You can no longer post new replies to this discussion. If you have a question you can start a new discussion

How to measure program execution time in ARM Cortex-A53 processor?

Hi,

I was using following method to read clock in cortex-a15:

       static void readticks(unsigned int *result)

        {

            struct timeval t;

            unsigned int cc;

            if (!enabled) {

                // program the performance-counter control-register:

                asm volatile("mcr p15, 0, %0, c9, c12, 0" :: "r"(17));

                //enable all counters

                asm volatile("mcr p15, 0, %0, c9, c12, 1" :: "r"(0x8000000f));

                //Clear overflow.

                asm volatile("mcr p15, 0, %0, c9, c12, 3" :: "r"(0x8000000f));

                enabled = 1;

            }

            asm volatile("mrc p15, 0, %0, c9, c13, 0" : "=r"(cc));

            gettimeofday(&t,(struct timezone *) 0);

            result[0] = cc;

            result[1] = t.tv_usec;

            result[2] = t.tv_sec;

        }

And final performance looks like:

before = readticks()

  foo()

after = readticks()

clock_cycles = after - before.

I want to use same logic in cortex-A53, ARM64 (not aarch32).

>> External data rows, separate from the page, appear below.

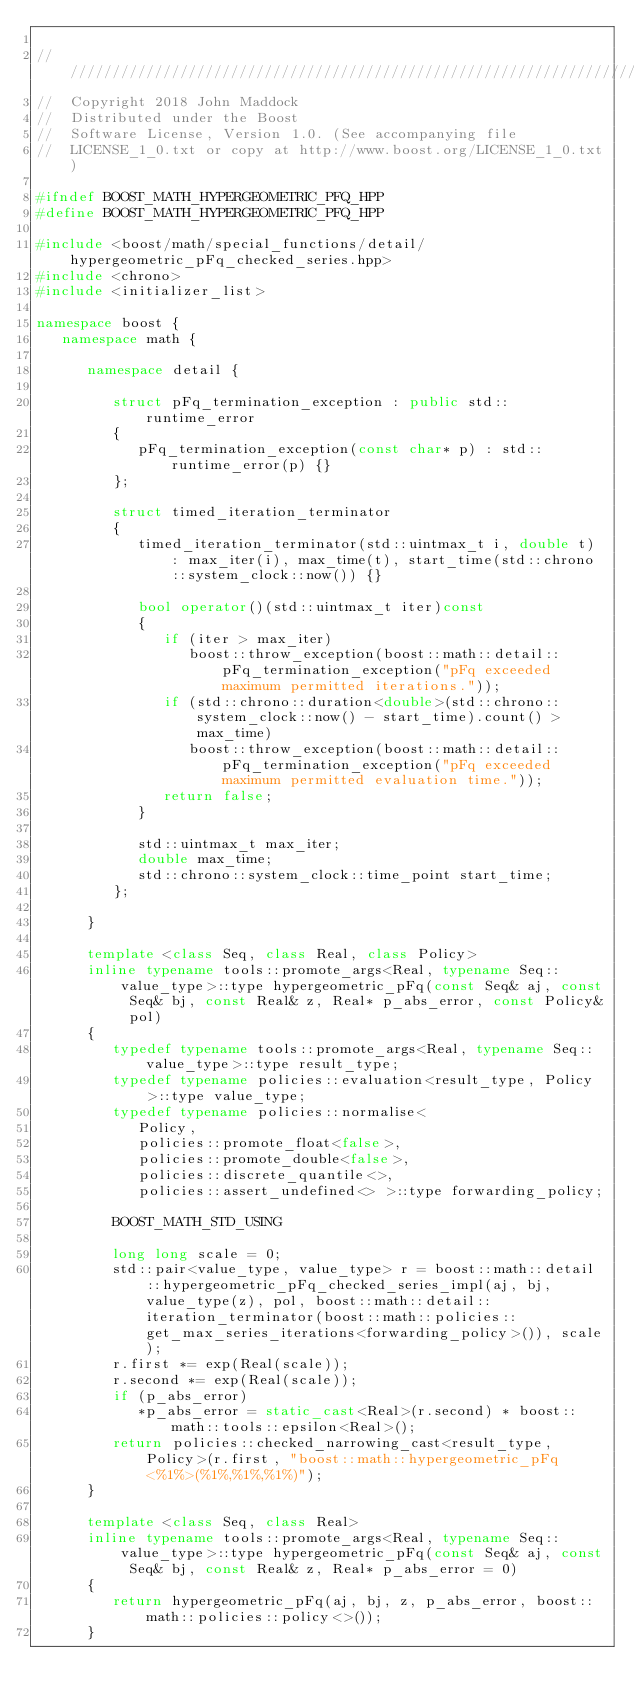Convert code to text. <code><loc_0><loc_0><loc_500><loc_500><_C++_>
///////////////////////////////////////////////////////////////////////////////
//  Copyright 2018 John Maddock
//  Distributed under the Boost
//  Software License, Version 1.0. (See accompanying file
//  LICENSE_1_0.txt or copy at http://www.boost.org/LICENSE_1_0.txt)

#ifndef BOOST_MATH_HYPERGEOMETRIC_PFQ_HPP
#define BOOST_MATH_HYPERGEOMETRIC_PFQ_HPP

#include <boost/math/special_functions/detail/hypergeometric_pFq_checked_series.hpp>
#include <chrono>
#include <initializer_list>

namespace boost {
   namespace math {

      namespace detail {

         struct pFq_termination_exception : public std::runtime_error
         {
            pFq_termination_exception(const char* p) : std::runtime_error(p) {}
         };

         struct timed_iteration_terminator
         {
            timed_iteration_terminator(std::uintmax_t i, double t) : max_iter(i), max_time(t), start_time(std::chrono::system_clock::now()) {}

            bool operator()(std::uintmax_t iter)const
            {
               if (iter > max_iter)
                  boost::throw_exception(boost::math::detail::pFq_termination_exception("pFq exceeded maximum permitted iterations."));
               if (std::chrono::duration<double>(std::chrono::system_clock::now() - start_time).count() > max_time)
                  boost::throw_exception(boost::math::detail::pFq_termination_exception("pFq exceeded maximum permitted evaluation time."));
               return false;
            }

            std::uintmax_t max_iter;
            double max_time;
            std::chrono::system_clock::time_point start_time;
         };

      }

      template <class Seq, class Real, class Policy>
      inline typename tools::promote_args<Real, typename Seq::value_type>::type hypergeometric_pFq(const Seq& aj, const Seq& bj, const Real& z, Real* p_abs_error, const Policy& pol)
      {
         typedef typename tools::promote_args<Real, typename Seq::value_type>::type result_type;
         typedef typename policies::evaluation<result_type, Policy>::type value_type;
         typedef typename policies::normalise<
            Policy,
            policies::promote_float<false>,
            policies::promote_double<false>,
            policies::discrete_quantile<>,
            policies::assert_undefined<> >::type forwarding_policy;

         BOOST_MATH_STD_USING

         long long scale = 0;
         std::pair<value_type, value_type> r = boost::math::detail::hypergeometric_pFq_checked_series_impl(aj, bj, value_type(z), pol, boost::math::detail::iteration_terminator(boost::math::policies::get_max_series_iterations<forwarding_policy>()), scale);
         r.first *= exp(Real(scale));
         r.second *= exp(Real(scale));
         if (p_abs_error)
            *p_abs_error = static_cast<Real>(r.second) * boost::math::tools::epsilon<Real>();
         return policies::checked_narrowing_cast<result_type, Policy>(r.first, "boost::math::hypergeometric_pFq<%1%>(%1%,%1%,%1%)");
      }

      template <class Seq, class Real>
      inline typename tools::promote_args<Real, typename Seq::value_type>::type hypergeometric_pFq(const Seq& aj, const Seq& bj, const Real& z, Real* p_abs_error = 0)
      {
         return hypergeometric_pFq(aj, bj, z, p_abs_error, boost::math::policies::policy<>());
      }
</code>

I have tried this after following online portals:

        /* All counters, including PMCCNTR_EL0, are disabled/enabled */

       

            #define QUADD_ARMV8_PMCR_E (1 << 0)

            /* Reset all event counters, not including PMCCNTR_EL0, to 0

   

     */

        #define QUADD_ARMV8_PMCR_P (1 << 1)

        /* Reset PMCCNTR_EL0 to 0 */

        #define QUADD_ARMV8_PMCR_C (1 << 2)

        /* Clock divider: PMCCNTR_EL0 counts every clock cycle/every 64 clock cycles */

        #define QUADD_ARMV8_PMCR_D (1 << 3)

        /* Export of events is disabled/enabled */

        #define QUADD_ARMV8_PMCR_X (1 << 4)

        /* Disable cycle counter, PMCCNTR_EL0 when event counting is prohibited */

        #define QUADD_ARMV8_PMCR_DP (1 << 5)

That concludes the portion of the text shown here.